Pour l’ancien président malien de transition (2012-2013), Diancounda Traoré, le décollage économique du continent reste lié au redémarrage des échanges commerciaux intra-africain actuellement au point mort. L’ancien Chef d’Etat livre à La Ttribune Afrique son diagnostic des principaux défis du continent en 2017. Interview.

dioncounda traore ancien president malien

LTA : L’année 2017 sera marquée par un certain nombre d’élections présidentielles en Afrique. Pensez-vous que cela pourrait contribuer à l’émergence d’une nouvelle classe dirigeante continentale ?

Diancounda Traoré : Vous savez les élections sont toujours censées favoriser l’émergence d’une nouvelle classe, parce que lorsque l’on arrive au pouvoir et qu’on l’exerce pendant un certain temps, il y’a forcément beaucoup de critiques, des gens mécontents, mais tout le monde espère que le changement éventuel va apporter une amélioration. Donc, je pense qu’effectivement cela peut amener l’émergence d’une nouvelle classe dirigeante, peut-être plus performante.

Quelles seraient, selon vous, les conditions de l’émergence de cette nouvelle classe de dirigeant africains ?

Pour que cette nouvelle classe émerge, il faut que l’on s’interroge de plus en plus sur notre histoire récente et que l’on se pose la question de savoir pourquoi l’Afrique a l’air de stagner et de piétiner. De manière à comprendre que probablement l’une des raisons principales reste la gouvernance. Evidemment il y’a nécessité de voir émerger de nouveaux dirigeants qui soient à même d’impulser une autre façon de gérer les choses en Afrique, sortir des sentiers battus et des situations que l’on a malheureusement connues depuis nos indépendances. Tout en essayant de faire preuve de courage, de créativité, et d’imagination pour d’abords analyser froidement les raisons qui font que cet Etat de fait existe pour ensuite impulser les réformes et les changements qu’il faut amener, notamment dans le cadre de la lutte d’un certain nombre de fléaux, comme la corruption par exemple. Je pense effectivement qu’il faudra des hommes courageux qui croient toujours dans un certain nombre de valeurs et qui sont engagés dans la mise en œuvre de ses mêmes valeurs.

Au-delà du renouvellement potentiel des dirigeants africains, quelles seraient, à votre sens, les priorités que ces derniers doivent mettre en tête de leur agenda pour opérer un changement de paradigme au niveau de la gouvernance dans leurs pays ?

Il y aura probablement un changement dans la perception collective de cet état de fait, vu qu’il faut auparavant en avoir conscience, mais il y’a des domaines où il va falloir faire très attention. C’est par exemple le domaine de l’éducation, qui va de travers complétement. Vous savez les hommes ça se forge depuis le berceau, la famille, l’école, l’université et puis la vie. Il faut prendre les gens en main assez rapidement, pour que l’on puisse voir arriver des hommes patients et capables de conduire les choses à bien.

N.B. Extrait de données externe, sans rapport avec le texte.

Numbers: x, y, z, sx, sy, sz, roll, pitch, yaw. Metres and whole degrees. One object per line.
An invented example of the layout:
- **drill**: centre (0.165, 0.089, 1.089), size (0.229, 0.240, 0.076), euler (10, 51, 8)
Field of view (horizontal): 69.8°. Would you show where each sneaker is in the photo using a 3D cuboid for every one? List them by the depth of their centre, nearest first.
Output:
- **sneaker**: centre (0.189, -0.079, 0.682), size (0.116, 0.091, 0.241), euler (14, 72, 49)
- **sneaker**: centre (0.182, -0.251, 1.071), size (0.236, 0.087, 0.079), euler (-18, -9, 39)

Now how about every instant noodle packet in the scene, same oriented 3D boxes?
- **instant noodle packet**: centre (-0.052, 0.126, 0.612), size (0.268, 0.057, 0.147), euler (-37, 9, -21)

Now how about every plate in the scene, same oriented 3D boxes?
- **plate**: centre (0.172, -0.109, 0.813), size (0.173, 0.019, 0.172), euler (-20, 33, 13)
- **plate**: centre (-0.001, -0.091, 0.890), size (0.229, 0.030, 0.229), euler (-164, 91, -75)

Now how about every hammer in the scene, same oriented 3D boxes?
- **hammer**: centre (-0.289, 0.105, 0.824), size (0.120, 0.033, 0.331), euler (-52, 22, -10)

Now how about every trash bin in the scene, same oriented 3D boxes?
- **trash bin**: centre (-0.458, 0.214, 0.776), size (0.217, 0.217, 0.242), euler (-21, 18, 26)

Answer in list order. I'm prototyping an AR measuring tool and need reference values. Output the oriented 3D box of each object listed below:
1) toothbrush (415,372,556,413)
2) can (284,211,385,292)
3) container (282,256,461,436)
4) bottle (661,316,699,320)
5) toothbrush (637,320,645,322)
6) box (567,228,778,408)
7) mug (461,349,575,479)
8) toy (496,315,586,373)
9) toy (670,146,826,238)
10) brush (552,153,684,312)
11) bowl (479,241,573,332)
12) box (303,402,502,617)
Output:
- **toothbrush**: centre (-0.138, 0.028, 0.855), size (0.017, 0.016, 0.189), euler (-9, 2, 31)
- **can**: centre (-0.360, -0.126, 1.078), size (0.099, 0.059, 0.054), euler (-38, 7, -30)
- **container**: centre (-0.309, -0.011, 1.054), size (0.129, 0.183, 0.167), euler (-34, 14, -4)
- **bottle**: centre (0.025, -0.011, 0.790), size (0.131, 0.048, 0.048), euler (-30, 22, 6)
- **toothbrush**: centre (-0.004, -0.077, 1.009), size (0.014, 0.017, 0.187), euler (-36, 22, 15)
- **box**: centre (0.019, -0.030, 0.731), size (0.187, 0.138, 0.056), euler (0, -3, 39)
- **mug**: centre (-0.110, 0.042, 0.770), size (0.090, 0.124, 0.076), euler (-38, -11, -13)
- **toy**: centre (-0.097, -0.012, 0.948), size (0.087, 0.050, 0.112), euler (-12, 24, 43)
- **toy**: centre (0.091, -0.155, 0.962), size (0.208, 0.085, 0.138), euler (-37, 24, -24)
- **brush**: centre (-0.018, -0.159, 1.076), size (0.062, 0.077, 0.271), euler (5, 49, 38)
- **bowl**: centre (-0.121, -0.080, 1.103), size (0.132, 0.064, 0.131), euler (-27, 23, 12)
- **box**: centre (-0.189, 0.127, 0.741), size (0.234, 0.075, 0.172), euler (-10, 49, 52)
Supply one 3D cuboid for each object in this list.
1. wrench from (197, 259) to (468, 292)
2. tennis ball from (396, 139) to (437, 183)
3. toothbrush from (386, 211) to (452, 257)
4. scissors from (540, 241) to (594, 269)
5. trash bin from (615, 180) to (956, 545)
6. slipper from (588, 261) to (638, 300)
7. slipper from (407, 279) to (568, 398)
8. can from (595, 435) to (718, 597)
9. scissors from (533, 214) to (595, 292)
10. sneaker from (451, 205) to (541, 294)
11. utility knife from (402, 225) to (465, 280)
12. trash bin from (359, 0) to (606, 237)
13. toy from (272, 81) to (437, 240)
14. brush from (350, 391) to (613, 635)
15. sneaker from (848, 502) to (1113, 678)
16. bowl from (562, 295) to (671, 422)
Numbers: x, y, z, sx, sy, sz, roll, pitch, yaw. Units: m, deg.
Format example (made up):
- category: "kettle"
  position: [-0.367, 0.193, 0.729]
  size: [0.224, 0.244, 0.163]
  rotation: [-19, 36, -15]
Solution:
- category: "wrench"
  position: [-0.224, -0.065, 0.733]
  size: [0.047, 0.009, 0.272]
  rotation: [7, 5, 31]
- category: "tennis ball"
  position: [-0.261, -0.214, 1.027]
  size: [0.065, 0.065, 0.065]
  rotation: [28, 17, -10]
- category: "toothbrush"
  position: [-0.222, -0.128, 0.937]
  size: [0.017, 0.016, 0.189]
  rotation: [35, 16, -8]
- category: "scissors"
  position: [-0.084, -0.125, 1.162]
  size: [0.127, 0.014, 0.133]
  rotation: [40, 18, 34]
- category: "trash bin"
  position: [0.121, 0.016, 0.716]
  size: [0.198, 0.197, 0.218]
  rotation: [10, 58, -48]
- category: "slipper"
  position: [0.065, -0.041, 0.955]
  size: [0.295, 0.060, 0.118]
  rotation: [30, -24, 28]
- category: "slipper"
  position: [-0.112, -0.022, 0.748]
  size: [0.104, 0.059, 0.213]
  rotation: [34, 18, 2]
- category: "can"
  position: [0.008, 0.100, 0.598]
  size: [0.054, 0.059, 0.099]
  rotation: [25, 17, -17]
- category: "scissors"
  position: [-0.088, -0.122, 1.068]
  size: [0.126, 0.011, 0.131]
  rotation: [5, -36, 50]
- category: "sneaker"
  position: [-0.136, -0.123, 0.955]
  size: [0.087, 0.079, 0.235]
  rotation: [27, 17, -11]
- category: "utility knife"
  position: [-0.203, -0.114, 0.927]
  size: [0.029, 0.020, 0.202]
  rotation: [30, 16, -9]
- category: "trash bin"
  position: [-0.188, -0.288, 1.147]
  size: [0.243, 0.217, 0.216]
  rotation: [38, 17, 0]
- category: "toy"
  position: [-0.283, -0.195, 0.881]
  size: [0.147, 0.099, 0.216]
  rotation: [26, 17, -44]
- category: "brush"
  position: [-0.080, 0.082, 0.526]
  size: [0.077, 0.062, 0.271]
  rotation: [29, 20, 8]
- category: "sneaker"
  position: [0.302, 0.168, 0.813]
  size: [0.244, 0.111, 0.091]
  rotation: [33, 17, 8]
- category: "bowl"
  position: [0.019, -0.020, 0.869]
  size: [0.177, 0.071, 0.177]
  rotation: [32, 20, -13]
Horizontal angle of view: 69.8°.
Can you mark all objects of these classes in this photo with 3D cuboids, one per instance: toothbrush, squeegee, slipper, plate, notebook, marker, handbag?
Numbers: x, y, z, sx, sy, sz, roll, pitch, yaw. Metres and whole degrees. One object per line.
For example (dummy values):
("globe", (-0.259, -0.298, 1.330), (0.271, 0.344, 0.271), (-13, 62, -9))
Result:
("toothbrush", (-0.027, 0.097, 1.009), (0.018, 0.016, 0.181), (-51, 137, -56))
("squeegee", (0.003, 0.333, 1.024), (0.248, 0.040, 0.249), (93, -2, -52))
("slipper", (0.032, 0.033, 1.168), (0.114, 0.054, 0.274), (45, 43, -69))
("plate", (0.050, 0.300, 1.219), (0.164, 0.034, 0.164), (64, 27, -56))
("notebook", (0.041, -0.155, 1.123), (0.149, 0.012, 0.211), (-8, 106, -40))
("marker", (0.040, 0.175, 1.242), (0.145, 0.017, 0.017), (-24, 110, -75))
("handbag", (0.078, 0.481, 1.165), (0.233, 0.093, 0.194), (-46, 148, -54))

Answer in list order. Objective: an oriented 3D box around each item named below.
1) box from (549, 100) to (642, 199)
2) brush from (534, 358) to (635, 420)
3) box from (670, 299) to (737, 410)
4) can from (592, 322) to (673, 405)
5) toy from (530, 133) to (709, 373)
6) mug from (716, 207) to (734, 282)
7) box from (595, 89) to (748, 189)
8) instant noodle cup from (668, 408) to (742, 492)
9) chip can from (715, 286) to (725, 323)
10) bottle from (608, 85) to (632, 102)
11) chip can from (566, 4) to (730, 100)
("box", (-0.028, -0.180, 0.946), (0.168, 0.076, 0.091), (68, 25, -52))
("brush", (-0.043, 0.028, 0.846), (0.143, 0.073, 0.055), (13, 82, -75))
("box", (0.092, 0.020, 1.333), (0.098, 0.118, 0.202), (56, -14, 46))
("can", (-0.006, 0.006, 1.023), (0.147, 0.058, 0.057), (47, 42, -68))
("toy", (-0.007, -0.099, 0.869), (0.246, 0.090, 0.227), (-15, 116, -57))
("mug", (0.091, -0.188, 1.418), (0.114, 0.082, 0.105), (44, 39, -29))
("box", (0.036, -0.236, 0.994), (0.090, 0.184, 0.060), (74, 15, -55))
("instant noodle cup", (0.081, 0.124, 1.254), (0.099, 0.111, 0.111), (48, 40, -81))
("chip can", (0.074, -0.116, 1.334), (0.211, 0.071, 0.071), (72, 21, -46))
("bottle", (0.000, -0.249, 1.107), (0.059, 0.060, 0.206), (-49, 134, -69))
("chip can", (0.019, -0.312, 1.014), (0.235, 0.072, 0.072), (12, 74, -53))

L’année écoulée a été marquée par un contexte conjoncturel difficile, dû notamment à des cours de pétrole historiquement bas qui ont lourdement impacté les pays africains producteurs. Que peuvent faire ces pays pour s’émanciper de cette dépendance ?

Le pétrole n’est pas une malédiction, ça ne l’est que si les producteurs de pétrole en font une malédiction. J’estime plutôt que le pétrole est une manne du ciel, mais la façon dont les choses sont organisées. Je crois que ce qu’il faudrait, c’est que nous fassions en sorte que cette ressource ne serve pas uniquement à satisfaire une petite partie, mais que d’abord elle nous profite à nous. C’est justement ce que beaucoup ont oublié, parce que les quelques dollars qui arrivaient permettaient d’améliorer un peu, une vie qui était misérable. Ce qui donnait l’impression que tout allait bien, alors que pas du tout ! Nous sommes spoliés, vu que ce pétrole profite beaucoup plus aux autres qu’à nous-mêmes et que ce sont les plus puissants et que nous les rendons encore plus puissants. Ce qui explique que lorsque ces derniers se sentent « un peu mal », la réduction du prix du baril les ménage, alors que c’est une source de problèmes pour les pays producteurs, qui n’ont jamais pensé à une alternative. A mon avis, il est nécessaire de se battre, d’accepter le combat et ne plus faire que subir.

Quels sont les prérequis d’une diversification réussie des économies africaines et pour quel modèle de développement ?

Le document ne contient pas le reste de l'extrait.